The wire wound potentiometer in the headlight switch is probably bad - check for voltage at one of the dash lights, it should be variable 0 - 12 volts as you turn the headlight switch.
 
I replaced the switch/potentiometer unit already the headlights and running lights work. Will check for voltage coming out of the new unit for the dash lights and at the socket.
 
Make sure the cluster is grounded. I replaced my bulbs and thought I would test it before I put it all back together and they wouldn't work until I grounded it.
 
PLEASE POST the YEAR make and model you are working on. "We" can't remember what all you own.

Access the instrument fuse, turn the headlight switch to park or head, and crank the dash dimmer control to the left.

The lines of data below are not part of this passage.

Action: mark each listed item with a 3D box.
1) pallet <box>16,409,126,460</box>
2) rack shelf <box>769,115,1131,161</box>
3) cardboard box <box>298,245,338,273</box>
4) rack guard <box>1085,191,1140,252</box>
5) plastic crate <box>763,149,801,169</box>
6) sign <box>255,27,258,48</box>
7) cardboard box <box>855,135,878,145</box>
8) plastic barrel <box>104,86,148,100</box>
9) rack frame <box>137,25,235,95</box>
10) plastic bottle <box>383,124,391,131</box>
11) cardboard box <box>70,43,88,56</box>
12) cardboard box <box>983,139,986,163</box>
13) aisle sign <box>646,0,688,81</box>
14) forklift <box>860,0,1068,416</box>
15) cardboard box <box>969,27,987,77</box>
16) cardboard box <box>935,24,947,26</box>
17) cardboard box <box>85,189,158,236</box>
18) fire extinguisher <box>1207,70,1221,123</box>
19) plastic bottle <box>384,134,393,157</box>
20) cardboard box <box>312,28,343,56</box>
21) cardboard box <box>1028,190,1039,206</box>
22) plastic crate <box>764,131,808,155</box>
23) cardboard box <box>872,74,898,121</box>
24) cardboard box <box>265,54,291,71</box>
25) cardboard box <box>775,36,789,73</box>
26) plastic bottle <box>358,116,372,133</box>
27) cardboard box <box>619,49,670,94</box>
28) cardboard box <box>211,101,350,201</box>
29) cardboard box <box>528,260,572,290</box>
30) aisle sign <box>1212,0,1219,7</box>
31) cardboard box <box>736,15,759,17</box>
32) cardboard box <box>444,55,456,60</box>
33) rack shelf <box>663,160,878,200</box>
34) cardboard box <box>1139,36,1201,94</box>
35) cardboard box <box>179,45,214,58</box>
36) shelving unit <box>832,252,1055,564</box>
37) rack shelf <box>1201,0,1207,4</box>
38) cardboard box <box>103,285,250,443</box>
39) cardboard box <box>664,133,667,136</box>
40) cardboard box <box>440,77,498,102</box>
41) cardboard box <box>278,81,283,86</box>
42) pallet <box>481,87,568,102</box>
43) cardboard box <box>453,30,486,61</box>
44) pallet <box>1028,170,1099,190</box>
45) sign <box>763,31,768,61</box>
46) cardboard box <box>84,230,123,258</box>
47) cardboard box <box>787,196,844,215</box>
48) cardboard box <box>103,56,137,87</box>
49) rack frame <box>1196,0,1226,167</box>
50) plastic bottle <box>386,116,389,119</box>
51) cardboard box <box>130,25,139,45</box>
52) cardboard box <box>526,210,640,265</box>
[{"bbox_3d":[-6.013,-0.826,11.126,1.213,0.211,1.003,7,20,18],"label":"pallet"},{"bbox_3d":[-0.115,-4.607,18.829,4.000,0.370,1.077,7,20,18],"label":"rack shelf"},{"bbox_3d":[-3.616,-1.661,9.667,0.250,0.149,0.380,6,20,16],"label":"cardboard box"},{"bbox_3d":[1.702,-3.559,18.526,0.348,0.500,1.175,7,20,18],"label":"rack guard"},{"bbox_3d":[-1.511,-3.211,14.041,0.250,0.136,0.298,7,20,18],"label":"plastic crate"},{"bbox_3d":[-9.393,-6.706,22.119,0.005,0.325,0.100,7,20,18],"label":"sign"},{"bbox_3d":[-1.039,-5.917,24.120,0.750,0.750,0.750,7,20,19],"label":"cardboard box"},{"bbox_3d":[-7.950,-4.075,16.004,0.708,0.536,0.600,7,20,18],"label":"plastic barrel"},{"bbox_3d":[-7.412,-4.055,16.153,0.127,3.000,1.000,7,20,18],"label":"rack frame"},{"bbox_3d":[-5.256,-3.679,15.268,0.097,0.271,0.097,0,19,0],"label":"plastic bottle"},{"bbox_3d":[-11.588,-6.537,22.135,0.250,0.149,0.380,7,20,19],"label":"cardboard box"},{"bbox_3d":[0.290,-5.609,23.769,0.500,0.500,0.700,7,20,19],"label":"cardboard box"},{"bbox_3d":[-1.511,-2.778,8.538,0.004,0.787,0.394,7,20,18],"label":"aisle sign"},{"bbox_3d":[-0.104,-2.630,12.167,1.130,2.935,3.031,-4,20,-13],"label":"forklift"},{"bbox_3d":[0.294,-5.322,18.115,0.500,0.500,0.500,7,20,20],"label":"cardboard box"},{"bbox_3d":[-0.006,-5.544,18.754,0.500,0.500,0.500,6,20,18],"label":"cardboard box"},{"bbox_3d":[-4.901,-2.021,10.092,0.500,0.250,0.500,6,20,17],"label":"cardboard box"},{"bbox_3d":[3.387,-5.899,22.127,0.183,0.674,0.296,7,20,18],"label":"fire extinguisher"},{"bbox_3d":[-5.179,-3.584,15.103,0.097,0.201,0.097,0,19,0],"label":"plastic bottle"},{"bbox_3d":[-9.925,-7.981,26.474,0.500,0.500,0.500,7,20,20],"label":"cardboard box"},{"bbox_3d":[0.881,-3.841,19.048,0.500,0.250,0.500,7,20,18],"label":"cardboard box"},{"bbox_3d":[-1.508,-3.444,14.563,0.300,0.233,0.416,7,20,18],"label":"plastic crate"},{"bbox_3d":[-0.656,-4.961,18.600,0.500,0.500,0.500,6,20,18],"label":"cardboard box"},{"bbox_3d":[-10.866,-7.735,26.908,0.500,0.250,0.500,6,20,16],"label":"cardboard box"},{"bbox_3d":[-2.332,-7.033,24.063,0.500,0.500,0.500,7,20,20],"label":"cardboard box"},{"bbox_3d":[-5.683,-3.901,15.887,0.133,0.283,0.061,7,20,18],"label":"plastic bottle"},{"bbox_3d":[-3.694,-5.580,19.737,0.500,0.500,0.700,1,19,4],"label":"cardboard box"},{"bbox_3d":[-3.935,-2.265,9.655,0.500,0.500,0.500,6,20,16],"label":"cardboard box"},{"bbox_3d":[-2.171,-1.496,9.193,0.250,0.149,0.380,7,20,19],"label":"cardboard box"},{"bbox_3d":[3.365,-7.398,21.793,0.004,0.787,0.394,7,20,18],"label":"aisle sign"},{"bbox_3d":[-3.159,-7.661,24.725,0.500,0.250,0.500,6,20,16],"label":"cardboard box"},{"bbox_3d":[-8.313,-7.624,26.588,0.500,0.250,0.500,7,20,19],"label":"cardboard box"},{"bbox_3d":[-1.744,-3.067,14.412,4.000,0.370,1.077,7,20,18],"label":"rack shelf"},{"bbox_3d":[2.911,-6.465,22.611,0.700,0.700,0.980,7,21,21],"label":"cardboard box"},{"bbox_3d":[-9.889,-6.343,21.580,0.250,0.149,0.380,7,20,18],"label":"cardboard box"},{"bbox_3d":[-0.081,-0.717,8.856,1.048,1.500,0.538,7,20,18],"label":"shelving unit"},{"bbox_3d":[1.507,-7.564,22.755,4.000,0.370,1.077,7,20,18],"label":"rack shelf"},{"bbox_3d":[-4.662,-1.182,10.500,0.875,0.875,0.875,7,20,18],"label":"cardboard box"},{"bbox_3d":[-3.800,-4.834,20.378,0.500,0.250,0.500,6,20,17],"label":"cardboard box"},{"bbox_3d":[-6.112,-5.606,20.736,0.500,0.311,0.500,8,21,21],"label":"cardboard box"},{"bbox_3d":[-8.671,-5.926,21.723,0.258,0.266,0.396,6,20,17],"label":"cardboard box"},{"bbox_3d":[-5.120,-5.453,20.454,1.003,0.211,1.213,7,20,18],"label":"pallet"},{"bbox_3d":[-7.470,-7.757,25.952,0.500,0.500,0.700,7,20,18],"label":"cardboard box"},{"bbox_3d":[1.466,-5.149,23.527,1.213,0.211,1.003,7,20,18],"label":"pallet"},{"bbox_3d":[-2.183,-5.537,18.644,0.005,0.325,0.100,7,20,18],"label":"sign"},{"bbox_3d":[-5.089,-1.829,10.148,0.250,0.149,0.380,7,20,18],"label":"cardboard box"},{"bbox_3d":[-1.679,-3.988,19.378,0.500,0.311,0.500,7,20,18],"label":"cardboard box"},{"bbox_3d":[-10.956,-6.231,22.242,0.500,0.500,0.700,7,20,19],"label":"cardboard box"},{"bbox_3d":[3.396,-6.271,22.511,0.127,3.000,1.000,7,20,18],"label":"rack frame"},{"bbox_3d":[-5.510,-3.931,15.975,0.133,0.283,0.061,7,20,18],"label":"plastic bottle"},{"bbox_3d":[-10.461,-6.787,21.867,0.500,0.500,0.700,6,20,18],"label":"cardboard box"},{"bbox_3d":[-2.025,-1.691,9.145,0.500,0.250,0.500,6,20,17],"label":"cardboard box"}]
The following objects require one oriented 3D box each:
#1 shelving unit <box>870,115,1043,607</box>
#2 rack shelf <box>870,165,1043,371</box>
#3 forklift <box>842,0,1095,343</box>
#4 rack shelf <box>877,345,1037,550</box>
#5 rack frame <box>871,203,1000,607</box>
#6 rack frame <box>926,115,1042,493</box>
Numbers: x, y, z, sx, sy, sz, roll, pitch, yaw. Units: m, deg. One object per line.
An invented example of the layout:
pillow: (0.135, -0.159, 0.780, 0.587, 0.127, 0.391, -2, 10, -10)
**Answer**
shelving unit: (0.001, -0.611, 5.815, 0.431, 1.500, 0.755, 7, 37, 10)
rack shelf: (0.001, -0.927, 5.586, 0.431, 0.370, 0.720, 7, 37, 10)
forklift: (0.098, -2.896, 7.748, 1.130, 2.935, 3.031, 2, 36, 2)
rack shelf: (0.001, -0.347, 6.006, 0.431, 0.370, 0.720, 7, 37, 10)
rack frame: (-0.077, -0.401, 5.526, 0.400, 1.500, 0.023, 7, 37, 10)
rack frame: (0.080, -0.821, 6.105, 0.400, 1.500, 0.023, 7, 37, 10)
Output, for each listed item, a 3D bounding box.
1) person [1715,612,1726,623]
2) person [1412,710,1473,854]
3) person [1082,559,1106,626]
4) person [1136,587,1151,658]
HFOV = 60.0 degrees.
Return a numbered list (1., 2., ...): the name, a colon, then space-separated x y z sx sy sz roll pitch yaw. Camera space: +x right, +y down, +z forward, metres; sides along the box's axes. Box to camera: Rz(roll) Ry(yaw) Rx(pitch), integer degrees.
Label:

You should have power on both sides of that fuse
 
1971 Rallye dash:
I have dim dash lights and posted about it before in other threads.
I went about hooking a ground wire off the headlight switch and the right side board but still the same issue.
All new 194 bulbs and even new sockets.
My question is where EXACTLY do I need to attach an external ground?
Is it just a matter of any circuit board mounting stud or is there a specific area.
My radio lights up nicely I assume because it is properly grounded.
Pictures would be most helpful.
Thanks Ron
 
The fine point that make a difference....
You might have noticed nearly every bulb location has a screw beside it. Those screws are on copper chassis grond contact pads but... They aren't all connected together by the copper traces. This means if you do connect a ground wire at only one of those screws your result may be that one bulb burning much brighter than all others. Why is in the fine points. The aforementioned screws have kep washers against the copper pad. Corrosion on that washer and the copper pad equal less that good conduction. If you will take the time to clean every component in this daisy chain of a ground path you can then attach your actual copper ground wire to most any one of them. I recommend it be attached as low as possible so accidental yank on this wire doesn't break bulb sockets, etc..
 
Is there anything spliced.into them? A tach or some other accessory light? Does the voltage at the radio light measure the same as the at the dash lights?
 
The fine point that make a difference....
You might have noticed nearly every bulb location has a screw beside it. Those screws are on copper chassis grond contact pads but... They aren't all connected together by the copper traces. This means if you do connect a ground wire at only one of those screws your result may be that one bulb burning much brighter than all others. Why is in the fine points. The aforementioned screws have kep washers against the copper pad. Corrosion on that washer and the copper pad equal less that good conduction. If you will take the time to clean every component in this daisy chain of a ground path you can then attach your actual copper ground wire to most any one of them. I recommend it be attached as low as possible so accidental yank on this wire doesn't break bulb sockets, etc..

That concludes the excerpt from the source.